Ainda hoje, se há cursos em períodos de férias, vou. Ainda há relativamente pouco estive diariamente, durante três meses, no Barcelona para perceber como é desenvolvido o modelo de jogo do clube. Quando comecei já era um indivíduo ávido de conseguir coisas no futebol, ainda que não soubesse onde ia chegar. Fui sempre um viajante em busca do conhecimento; mesmo quando fui para o Iémen e rebentou uma bomba na embaixada dos Estados Unidos da América. Aí pensei 'Onde é que estou? Vim treinar a seleção do Iémen, mas há condições para estar aqui?'

ZZ: Essa foi a sua única experiência numa seleção, como foi viver esses tempos?

JM: Foi muito interessante, mesmo tendo sido pouco tempo. Eu era mais jovem, não tinha tanta experiência... Foi das primeiras vezes em que uma coisa daquelas aconteceu e é um país pequeno. Quando começas a ouvir as histórias e a ver as condições do país, tu dizes 'Se calhar não é o melhor sítio para estar neste momento porque as condições para desenvolveres um trabalho de qualidade podem não existir'. Naquela altura foi um misto de medo e de desafio. Começas a conhecer os jogadores que lá estão e vais criando ligações de afetividade à forma de viver das pessoas.

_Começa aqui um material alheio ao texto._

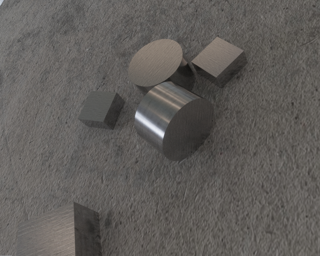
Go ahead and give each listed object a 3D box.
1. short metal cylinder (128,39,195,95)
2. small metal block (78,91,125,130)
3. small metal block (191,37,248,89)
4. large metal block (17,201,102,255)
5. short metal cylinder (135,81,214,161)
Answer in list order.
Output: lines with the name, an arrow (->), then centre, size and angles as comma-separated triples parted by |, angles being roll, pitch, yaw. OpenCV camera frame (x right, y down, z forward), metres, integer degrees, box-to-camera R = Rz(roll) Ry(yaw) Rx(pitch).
short metal cylinder -> 0.003, -0.077, 0.433 | 0.080, 0.050, 0.080 | -13, 56, 21
small metal block -> -0.088, -0.027, 0.467 | 0.050, 0.025, 0.050 | 7, 65, 31
small metal block -> 0.080, -0.088, 0.416 | 0.050, 0.025, 0.050 | -44, 51, -3
large metal block -> -0.117, 0.143, 0.361 | 0.080, 0.050, 0.080 | -24, 53, 13
short metal cylinder -> 0.018, -0.008, 0.364 | 0.080, 0.080, 0.050 | -49, 52, -6
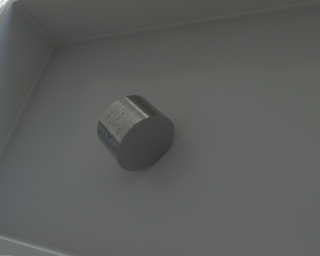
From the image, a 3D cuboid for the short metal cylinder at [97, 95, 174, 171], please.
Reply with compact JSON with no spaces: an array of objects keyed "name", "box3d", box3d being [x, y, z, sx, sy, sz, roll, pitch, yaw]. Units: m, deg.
[{"name":"short metal cylinder","box3d":[-0.029,0.006,0.383,0.080,0.080,0.050,-45,51,-3]}]
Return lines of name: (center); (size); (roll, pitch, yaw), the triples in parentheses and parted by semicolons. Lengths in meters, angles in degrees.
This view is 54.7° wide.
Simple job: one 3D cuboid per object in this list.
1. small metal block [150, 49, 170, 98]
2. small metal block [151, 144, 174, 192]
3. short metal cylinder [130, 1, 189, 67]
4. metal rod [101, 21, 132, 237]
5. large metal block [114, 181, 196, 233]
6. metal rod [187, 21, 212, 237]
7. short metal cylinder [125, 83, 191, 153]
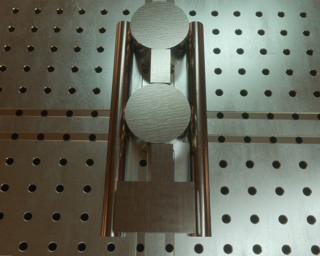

Eu conecto-me sempre bastante à realidade local e o Iémen marcou-me. Olhei para mim e percebi que sou um privilegiado, percebi que viver naquelas condições não era fácil. Viver em países onde a vida é no dia a dia e nos quais não sabes se vais acordar com saúde é complicado. No Iémen tive pena por ir embora porque percebi que não conseguia ajudar- mentalmente e organizacionalmente.

ZZ: Esteve na Arábia Saudita em três períodos diferentes (2006, 2014 e 2021). Como descreve a evolução das condições de trabalho nestas diferentes fases?

JM: A Arábia Saudita sempre foi um país com visão em relação ao desporto e que percebeu desde cedo que havia necessidade de serem criadas infraestruturas capazes de proporcionar condições de trabalho. Em 2005 já havia campos com alguma qualidade, já havia centros de treino, o Governo também ajudava, os clubes tinham boas condições financeiras... As competições jovens não eram muito desenvolvidas, mas já existiam. Em 2014 já havia a preocupação em formar, as equipas técnicas já eram formadas com pessoas com capacidade para formar jovens e começou a haver mais abertura para jogadores do exterior. Em 2021 foi quase um 25 de abril...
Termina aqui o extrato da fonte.